WHAT TO DO: In the records below, some lines contain the word "John". Copy each of them.

EXCERPTED DATA:
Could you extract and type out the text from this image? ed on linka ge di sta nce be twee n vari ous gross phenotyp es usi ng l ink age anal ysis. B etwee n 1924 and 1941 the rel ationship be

---

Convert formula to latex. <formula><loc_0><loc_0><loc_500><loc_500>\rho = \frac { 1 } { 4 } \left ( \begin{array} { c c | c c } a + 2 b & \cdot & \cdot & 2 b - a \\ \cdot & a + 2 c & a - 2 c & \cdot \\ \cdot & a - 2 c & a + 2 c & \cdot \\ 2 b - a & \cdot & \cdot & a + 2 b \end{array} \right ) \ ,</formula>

---

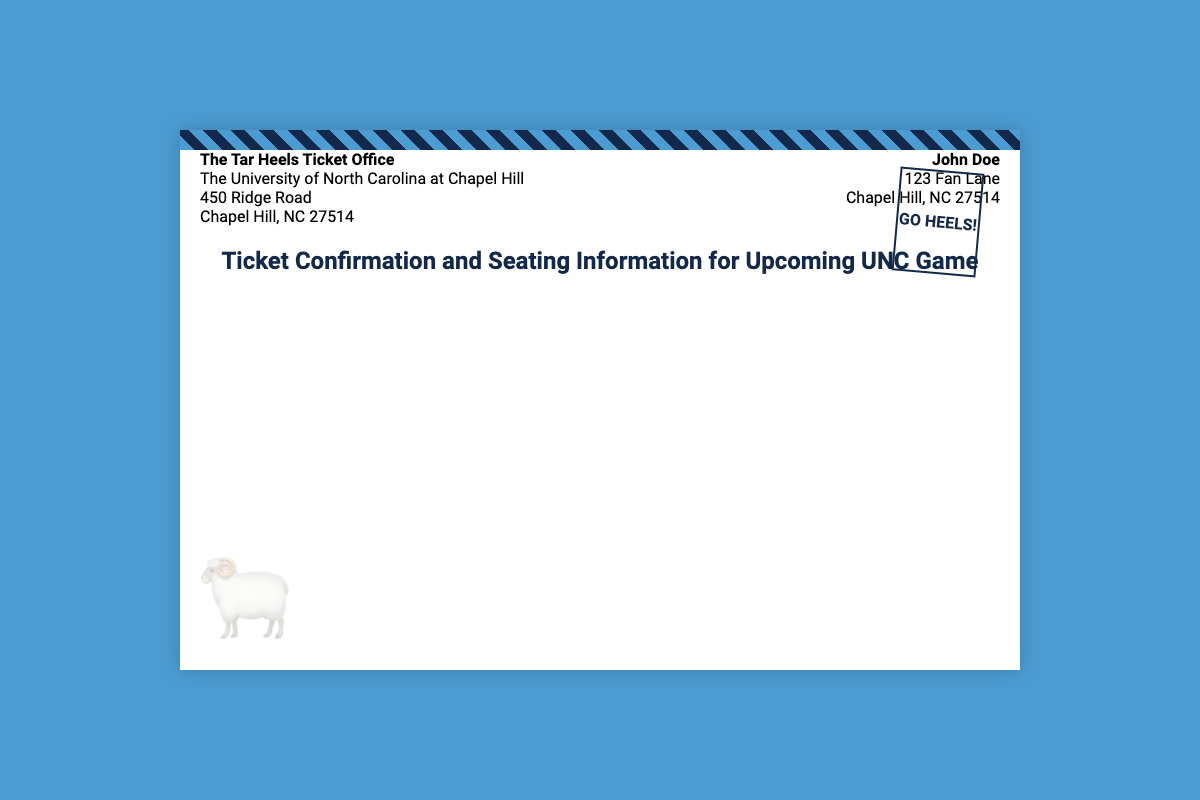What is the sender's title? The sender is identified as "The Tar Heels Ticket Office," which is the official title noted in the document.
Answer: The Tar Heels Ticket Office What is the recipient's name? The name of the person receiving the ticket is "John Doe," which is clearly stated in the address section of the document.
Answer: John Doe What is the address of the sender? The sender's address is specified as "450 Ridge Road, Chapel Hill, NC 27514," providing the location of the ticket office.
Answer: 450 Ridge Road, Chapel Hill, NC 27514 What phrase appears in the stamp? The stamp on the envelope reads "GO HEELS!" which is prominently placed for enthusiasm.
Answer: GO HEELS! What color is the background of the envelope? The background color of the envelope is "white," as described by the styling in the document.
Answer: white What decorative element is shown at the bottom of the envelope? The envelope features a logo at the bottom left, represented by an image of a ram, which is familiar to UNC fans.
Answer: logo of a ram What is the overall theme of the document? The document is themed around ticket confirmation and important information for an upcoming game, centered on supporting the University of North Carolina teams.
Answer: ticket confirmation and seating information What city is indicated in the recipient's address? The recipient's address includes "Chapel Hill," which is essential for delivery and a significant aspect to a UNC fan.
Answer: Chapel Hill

SOLUTION BELOW:
Answer: The Tar Heels Ticket Office What is the recipient's name? The name of the person receiving the ticket is "John Doe," which is clearly stated in the address section of the document.
Answer: John Doe What is the address of the sender? The sender's address is specified as "450 Ridge Road, Chapel Hill, NC 27514," providing the location of the ticket office.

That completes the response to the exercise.